=== What the exercise asks ===
What is needed is a faithful transcription of all the data below, pictures excluded.
Recorded information: Begin
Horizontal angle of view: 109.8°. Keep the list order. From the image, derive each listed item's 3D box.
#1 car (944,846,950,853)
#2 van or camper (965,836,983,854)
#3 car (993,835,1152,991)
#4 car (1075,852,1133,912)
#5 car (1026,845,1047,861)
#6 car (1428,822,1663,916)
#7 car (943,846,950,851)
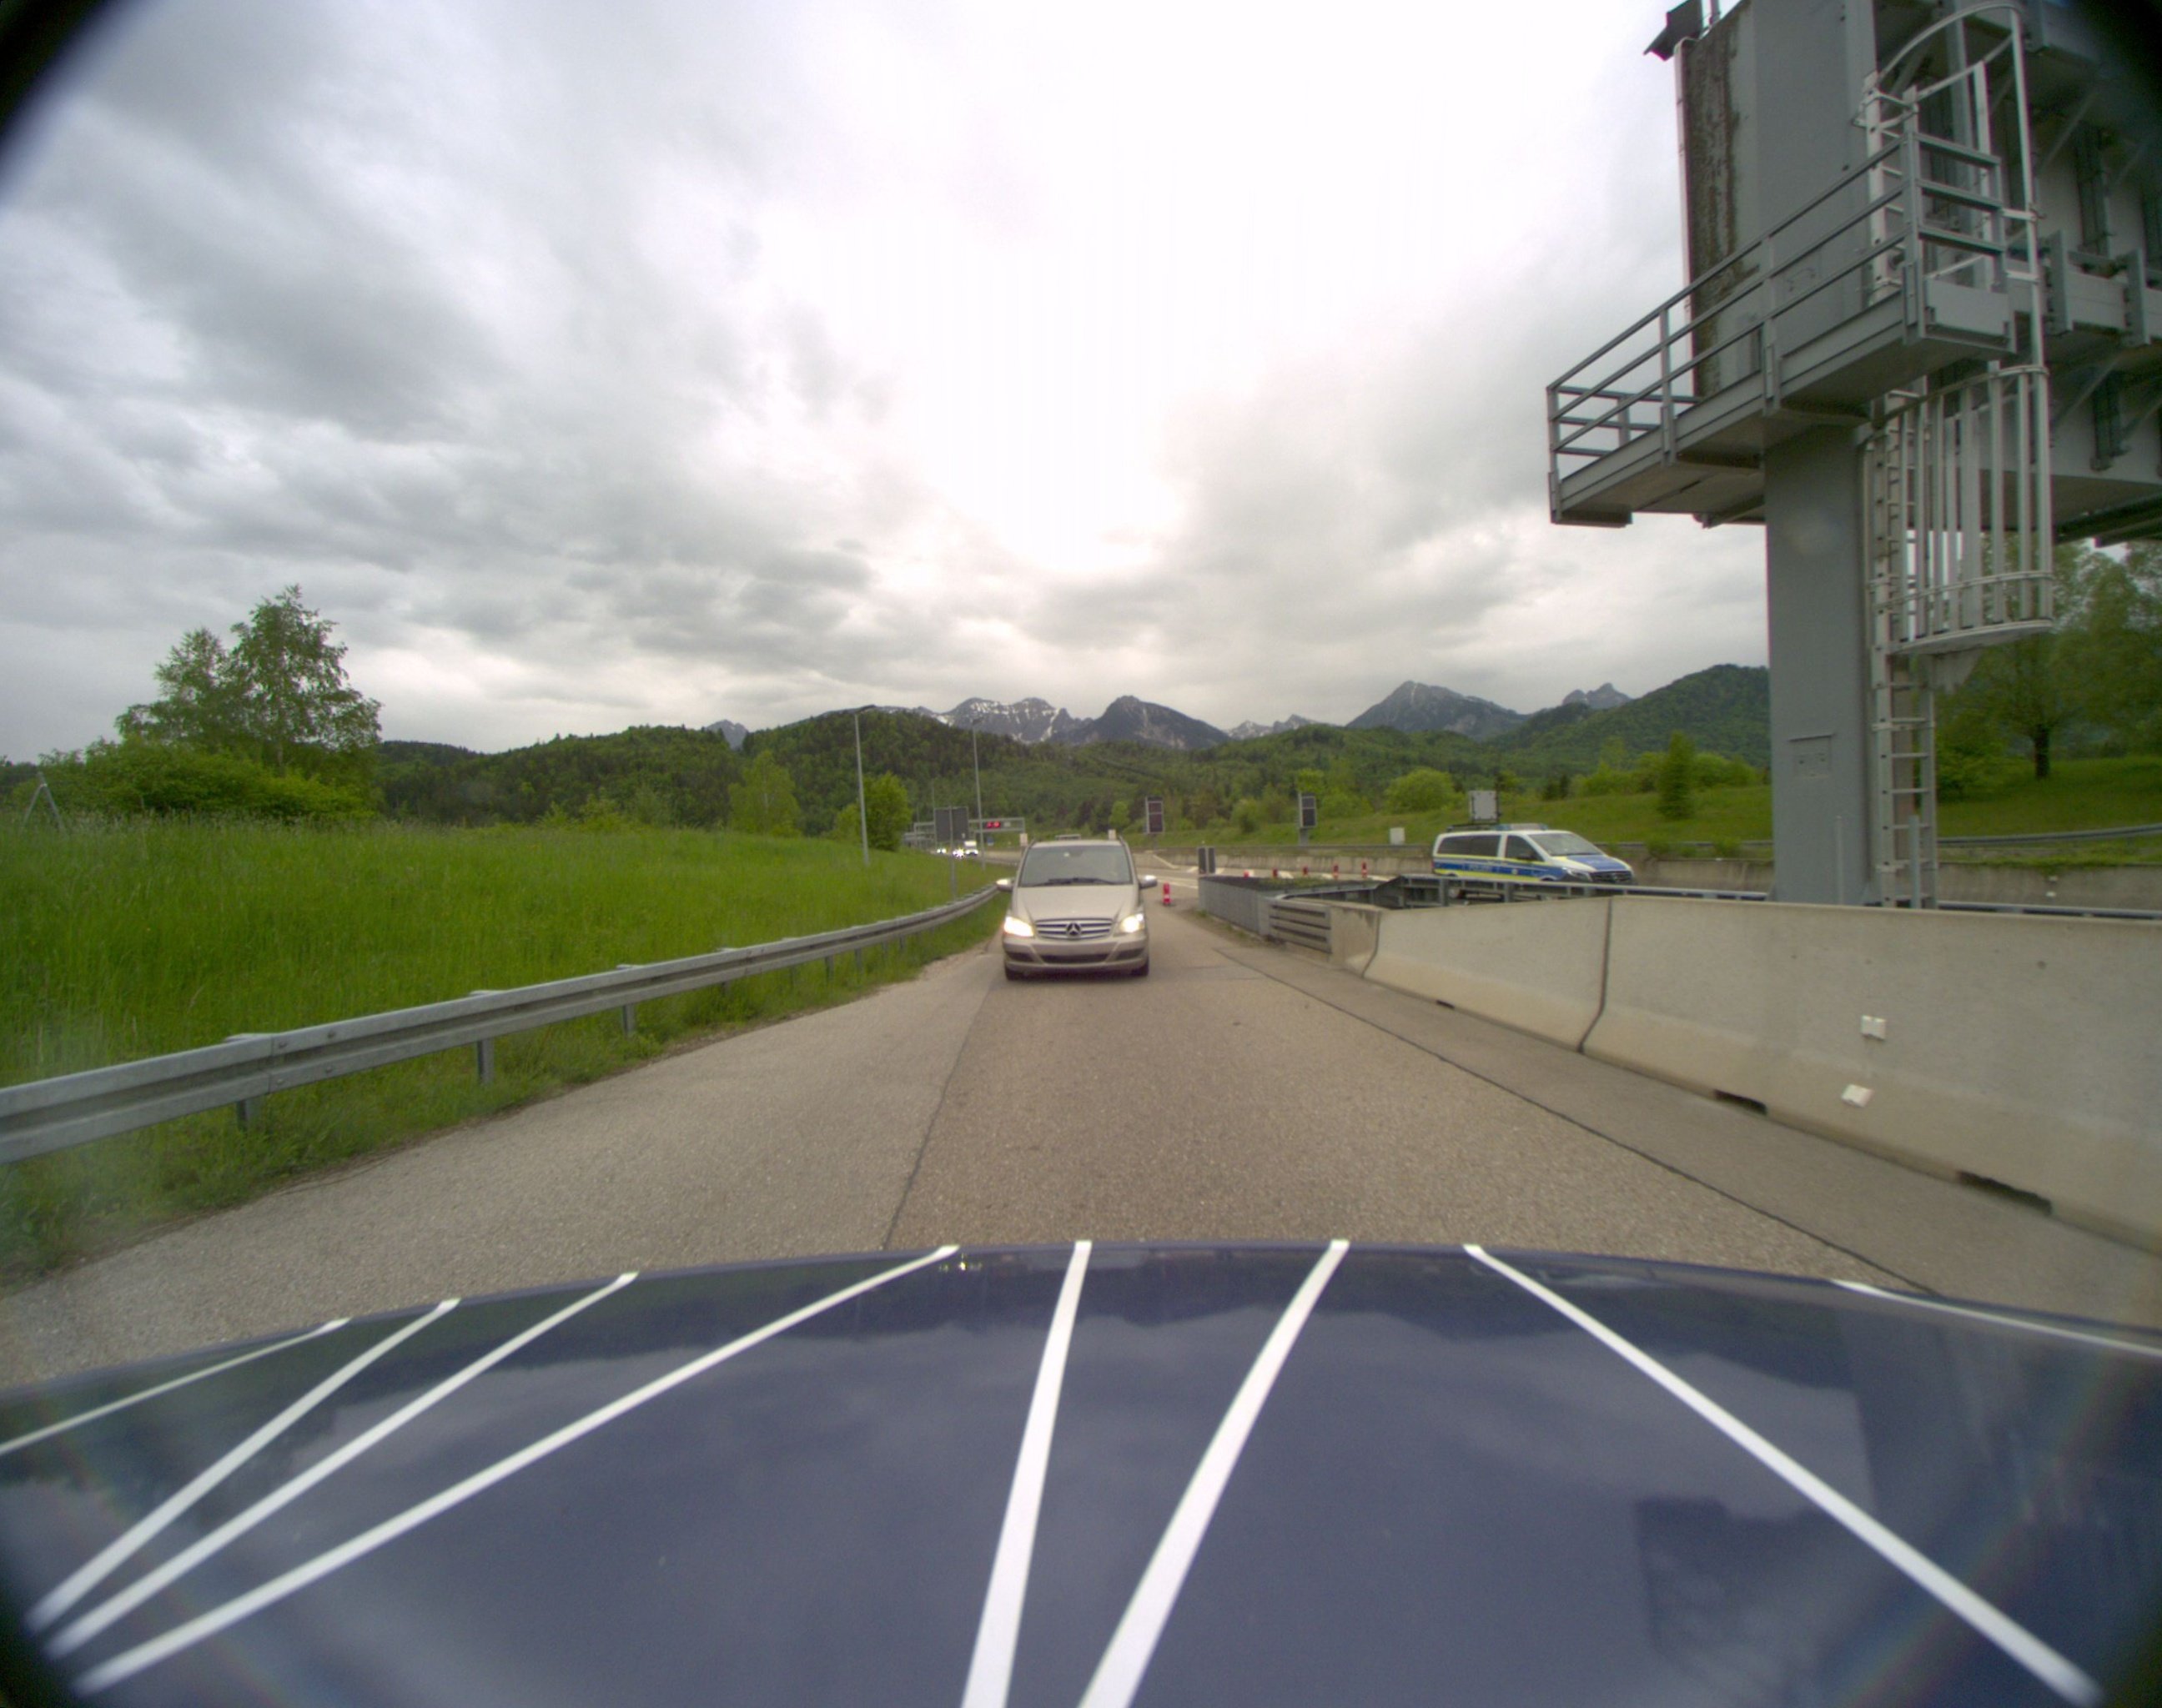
[{"bbox_3d":[-40.475,-1.401,229.725,1.868,1.861,3.995,-1,1,-11],"label":"car"},{"bbox_3d":[-21.114,-1.759,150.119,2.585,3.372,7.345,-2,1,-15],"label":"van or camper"},{"bbox_3d":[-0.066,0.673,11.902,1.862,1.833,5.616,-1,1,1],"label":"car"},{"bbox_3d":[0.697,0.800,23.454,1.591,1.662,4.000,-1,0,1],"label":"car"},{"bbox_3d":[-4.940,-0.113,84.569,1.767,1.759,3.996,-2,1,-11],"label":"car"},{"bbox_3d":[11.324,0.293,19.074,2.106,2.002,5.046,-2,1,-13],"label":"car"},{"bbox_3d":[-40.594,-1.713,228.732,1.722,1.629,4.342,-2,1,-14],"label":"car"}]
Recorded information: End
=== Expected answer ===
Horizontal angle of view: 109.8°. Keep the list order. From the image, derive each listed item's 3D box.
#1 car (944,846,950,853)
#2 van or camper (965,836,983,854)
#3 car (993,835,1152,991)
#4 car (1075,852,1133,912)
#5 car (1026,845,1047,861)
#6 car (1428,822,1663,916)
#7 car (943,846,950,851)
[{"bbox_3d":[-40.475,-1.401,229.725,1.868,1.861,3.995,-1,1,-11],"label":"car"},{"bbox_3d":[-21.114,-1.759,150.119,2.585,3.372,7.345,-2,1,-15],"label":"van or camper"},{"bbox_3d":[-0.066,0.673,11.902,1.862,1.833,5.616,-1,1,1],"label":"car"},{"bbox_3d":[0.697,0.800,23.454,1.591,1.662,4.000,-1,0,1],"label":"car"},{"bbox_3d":[-4.940,-0.113,84.569,1.767,1.759,3.996,-2,1,-11],"label":"car"},{"bbox_3d":[11.324,0.293,19.074,2.106,2.002,5.046,-2,1,-13],"label":"car"},{"bbox_3d":[-40.594,-1.713,228.732,1.722,1.629,4.342,-2,1,-14],"label":"car"}]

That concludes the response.